> _Exercise_: Beginning with the first line, please return the entries exactly through the line that contains "person [1584, 297, 1623, 419]", and leave out all later lines.

─── Data for processing

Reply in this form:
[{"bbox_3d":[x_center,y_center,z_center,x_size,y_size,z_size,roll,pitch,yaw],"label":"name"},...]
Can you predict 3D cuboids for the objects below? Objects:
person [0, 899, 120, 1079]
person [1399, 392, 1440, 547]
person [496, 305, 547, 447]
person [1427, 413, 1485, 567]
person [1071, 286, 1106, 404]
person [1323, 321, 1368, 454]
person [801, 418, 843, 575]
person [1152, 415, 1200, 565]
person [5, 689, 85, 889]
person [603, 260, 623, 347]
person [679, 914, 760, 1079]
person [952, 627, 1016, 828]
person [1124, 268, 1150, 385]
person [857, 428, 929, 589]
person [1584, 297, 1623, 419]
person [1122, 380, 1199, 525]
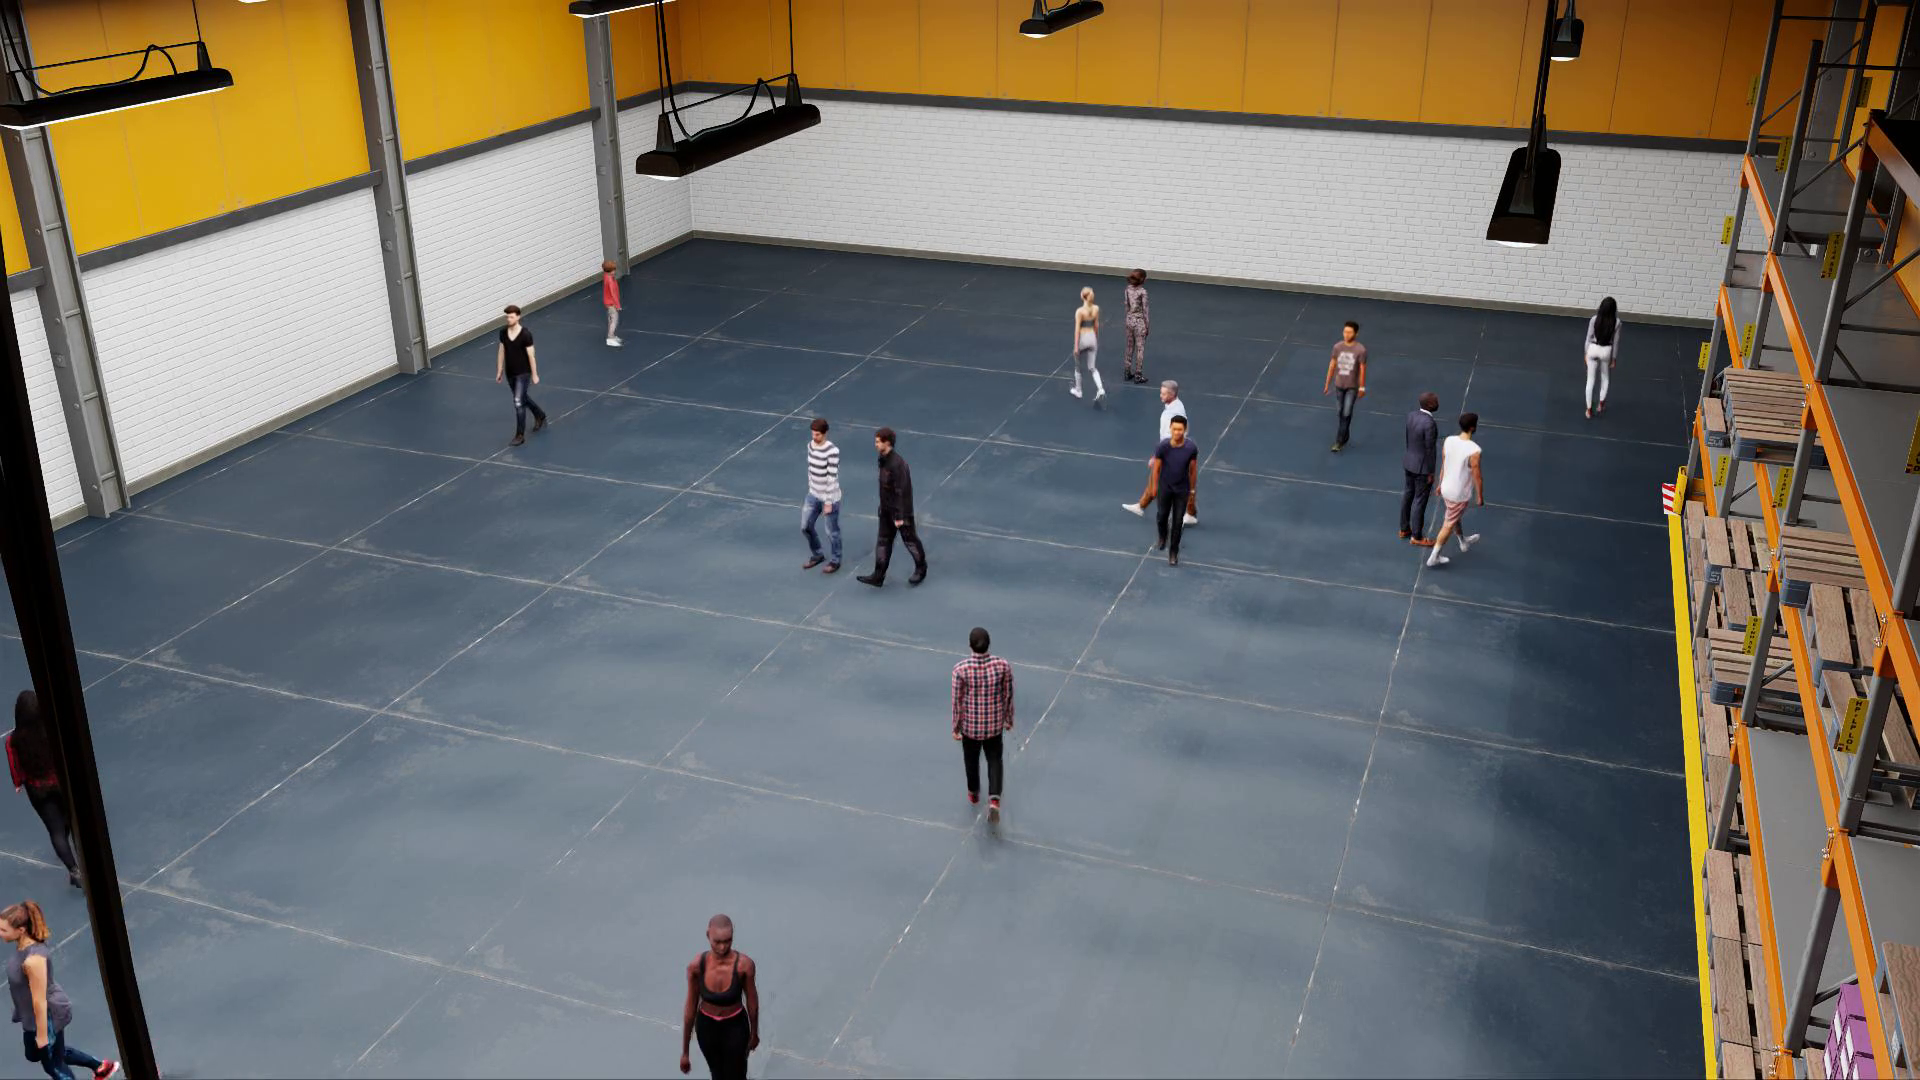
[{"bbox_3d":[-5.704,2.998,10.541,0.862,1.709,0.767,-17,29,-34],"label":"person"},{"bbox_3d":[5.306,-0.840,19.179,0.850,1.824,0.751,-6,24,-14],"label":"person"},{"bbox_3d":[-5.890,-2.265,22.383,0.724,1.867,1.198,11,26,23],"label":"person"},{"bbox_3d":[5.476,-0.519,18.552,1.193,1.736,1.094,-13,27,-27],"label":"person"},{"bbox_3d":[1.849,-2.763,23.757,1.012,1.680,1.060,-11,26,-24],"label":"person"},{"bbox_3d":[5.173,-2.061,22.064,0.831,1.749,1.034,17,29,34],"label":"person"},{"bbox_3d":[-1.427,-0.508,18.414,0.753,1.829,0.781,20,31,38],"label":"person"},{"bbox_3d":[2.415,-0.606,18.696,0.736,1.781,0.804,2,24,5],"label":"person"},{"bbox_3d":[-7.093,1.982,12.984,1.061,1.615,0.945,-21,31,-39],"label":"person"},{"bbox_3d":[-5.545,-3.788,26.456,0.716,1.396,0.659,-19,30,-37],"label":"person"},{"bbox_3d":[-1.459,3.023,10.441,0.698,1.744,0.737,2,24,6],"label":"person"},{"bbox_3d":[0.203,1.546,13.825,0.946,1.740,1.129,-2,24,-5],"label":"person"},{"bbox_3d":[2.614,-3.188,24.682,0.683,1.718,0.662,-20,31,-38],"label":"person"},{"bbox_3d":[-0.612,-0.350,18.099,1.243,1.790,1.159,-14,27,-30],"label":"person"},{"bbox_3d":[8.910,-2.527,23.180,0.591,1.709,0.691,8,25,18],"label":"person"},{"bbox_3d":[2.594,-0.993,19.600,1.011,1.766,1.164,0,24,0],"label":"person"}]

──────

> _Answer to the exercise_:
Reply in this form:
[{"bbox_3d":[x_center,y_center,z_center,x_size,y_size,z_size,roll,pitch,yaw],"label":"name"},...]
Can you predict 3D cuboids for the objects below? Objects:
person [0, 899, 120, 1079]
person [1399, 392, 1440, 547]
person [496, 305, 547, 447]
person [1427, 413, 1485, 567]
person [1071, 286, 1106, 404]
person [1323, 321, 1368, 454]
person [801, 418, 843, 575]
person [1152, 415, 1200, 565]
person [5, 689, 85, 889]
person [603, 260, 623, 347]
person [679, 914, 760, 1079]
person [952, 627, 1016, 828]
person [1124, 268, 1150, 385]
person [857, 428, 929, 589]
person [1584, 297, 1623, 419]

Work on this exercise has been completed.